Supplementary Material for: Comparison of the soluble fms-like tyrosine kinase 1/ placental growth factor-ratio alone versus a multi-marker regression model for the prediction of preeclampsia-related adverse outcomes after 34 weeks of gestation

Introduction: The objective of this retrospective study was to compare the predictive performance of the soluble fms-like tyrosine kinase 1 (sFlt-1) / placental growth factor (PlGF)-ratio alone or in a multi-marker regression model for preeclampsia-related maternal and/or fetal adverse outcomes in women >34 weeks of gestation. Methods: We analyzed the data collected from 655 women with suspected preeclampsia. Adverse outcomes were predicted by multivariable and univariable logistic regression models. The outcome of patients was evaluated within 14 days after presentation with signs and symptoms of preeclampsia or diagnosed preeclampsia. Results: The full model integrating available, standard clinical information and the sFlt-1/PlGF-ratio had the best predictive performance for adverse outcomes with an AUC of 72.6%, which corresponds to a sensitivity of 73.3% and specificity of 66.0%. The positive predictive value of the full model was 51.4% and the negative predictive value was 83.5%. 24.5% of patients, who did not experience adverse outcomes but were classified as high risk by sFlt-1/PlGF-ratio (≥38), were correctly classified by the regression model. The sFlt-1/PlGF-ratio alone had a significantly lower AUC of 65.6%. Conclusions: Integrating angiogenic biomarkers in a regression model improved the prediction of preeclampsia-related adverse outcomes in women at risk after 34 weeks of gestation.
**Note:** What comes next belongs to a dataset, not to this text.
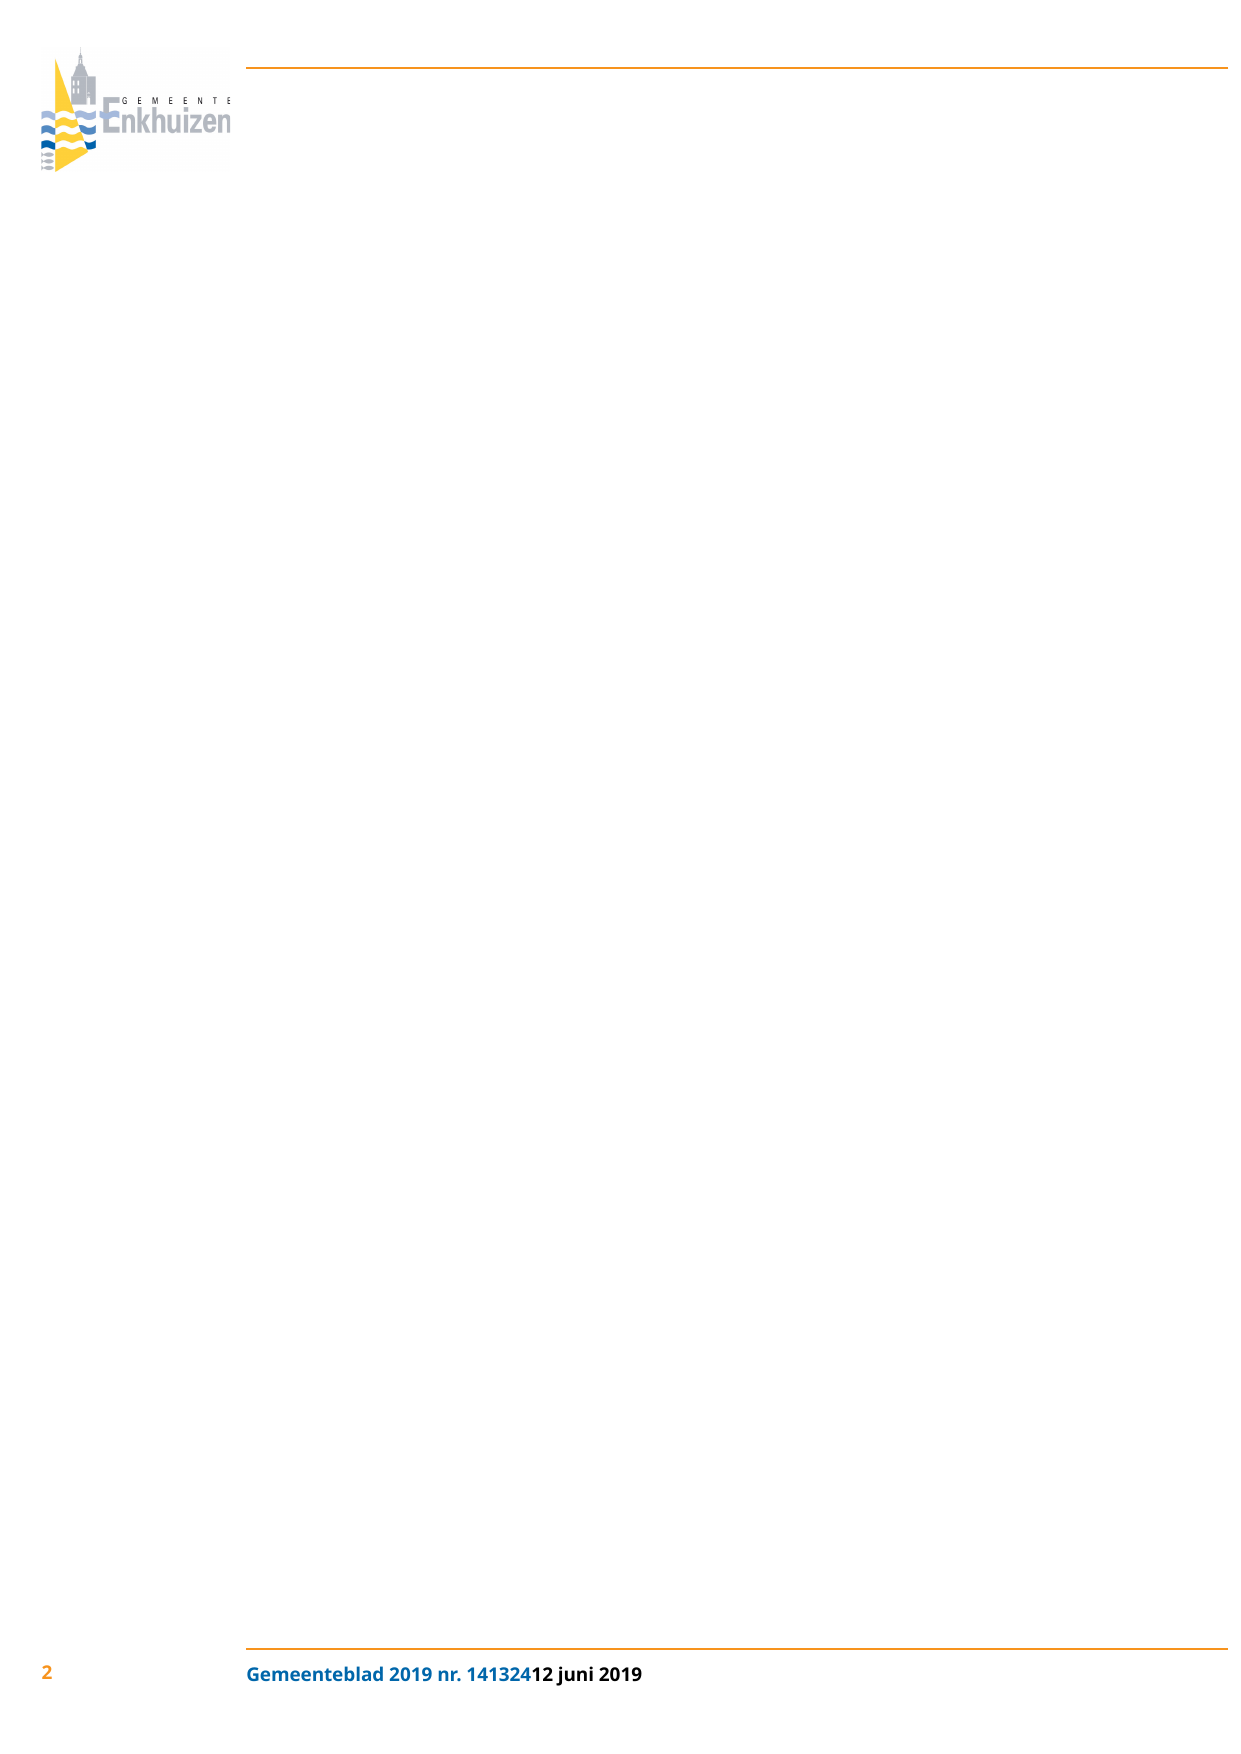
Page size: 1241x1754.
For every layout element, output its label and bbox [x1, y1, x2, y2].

picture [41, 47, 231, 172]

引言：本项回顾性研究旨在比较单独使用可溶性fms样酪氨酸激酶1（soluble fms-like tyrosine kinase 1, sFlt-1）/胎盘生长因子（placental growth factor, PlGF）比值，与多标志物回归模型，对妊娠34周以上女性先兆子痫相关母体和/或胎儿不良结局的预测性能。方法：本研究分析了655名疑似先兆子痫女性的临床数据。采用单变量及多变量逻辑回归模型预测不良结局，在患者出现先兆子痫体征症状或确诊先兆子痫后的14天内评估其结局转归。结果：整合现有标准临床信息与sFlt-1/PlGF比值的全模型对不良结局的预测性能最优，受试者工作特征曲线下面积（Area Under the Curve, AUC）为72.6%，对应灵敏度73.3%、特异度66.0%。该全模型的阳性预测值为51.4%，阴性预测值为83.5%。在24.5%未发生不良结局但被sFlt-1/PlGF比值（≥38）判定为高风险的患者中，回归模型可正确分类。单独使用sFlt-1/PlGF比值的AUC仅为65.6%，显著更低。结论：将血管生成生物标志物整合进回归模型，可改善妊娠34周以上高危女性先兆子痫相关不良结局的预测效能。